Climate change isn’t the crisis of our generation. To leave it at that would be to reduce its gravity. The warming of our planet and melting of our oceans is too big a problem to be put into the hands of today’s youth, to be called our responsibility to solve. Climate change and its effects have been a long time coming, and the consequences of our delayed action, whatever tragedies they will soon prove to be, will plague the years, decades, and centuries to come.

I, like every writer in this issue, am tired of this rhetoric that perpetually passes around the responsibility of climate change. I am tired of the now–clichéd numbness that people associate with climate change. I am tired of endless discussions followed by little to no action. 
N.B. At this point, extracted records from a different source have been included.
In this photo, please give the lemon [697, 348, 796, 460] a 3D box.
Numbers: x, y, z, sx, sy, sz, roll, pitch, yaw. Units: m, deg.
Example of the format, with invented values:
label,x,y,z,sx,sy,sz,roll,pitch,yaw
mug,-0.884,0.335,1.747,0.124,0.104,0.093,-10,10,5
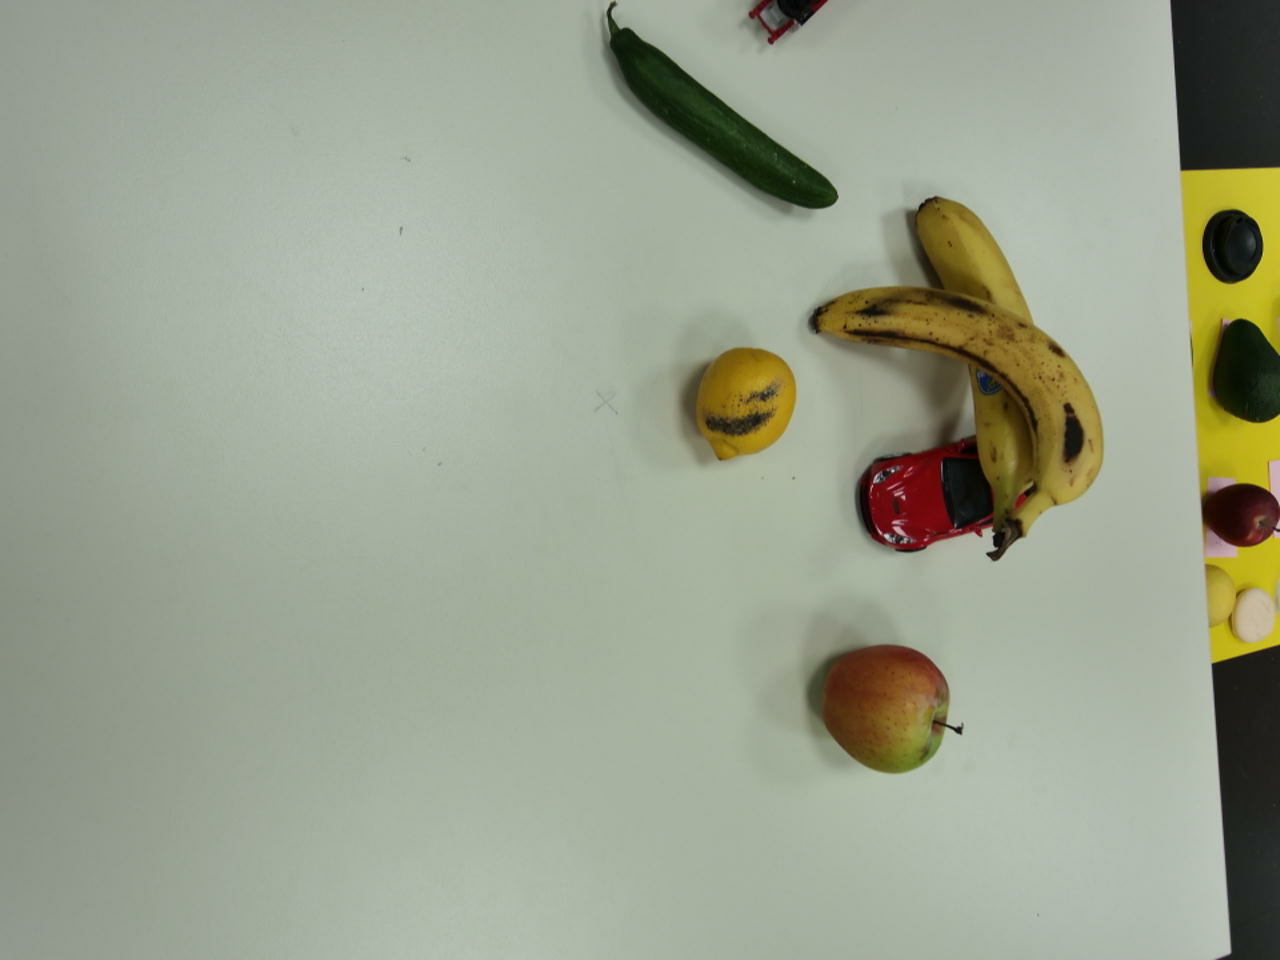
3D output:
label,x,y,z,sx,sy,sz,roll,pitch,yaw
lemon,0.060,-0.045,0.570,0.058,0.056,0.061,-15,96,-21

So how could we not dedicate an issue of our magazine to this rampant sense of exhaustion, and our efforts to maintain hope in the face of it? For the last several weeks, we poured our hearts into pieces on self–improvements in sustainability, highlights of climate activists on campus, and what our responsibility is in all of this as members of a leading research institution. 

This issue reflects the way in which every choice we make can be thought of in terms of its sustainability and impact on climate change. We can choose to be vegan, to stop traveling by plane, to reduce the amount of waste we produce. But beneath every story that investigates these smaller adjustments in this issue is the urgent need for greater action. Though we should all start obsessing over the individual ways we can adopt more sustainable habits, we need a revolution around the globe in order to halt the dire effects of climate change. 

Climate change and its fallout are no longer worries that we can push to the back of our minds and ignore, but ones that we need to consider in every second of every minute of every day. This issue, and the pieces within it, are our commitment to doing that. In writing of climate change through the lens of a college campus, we challenge ourselves and our readers to do more. This is our world too, and we should never forget that.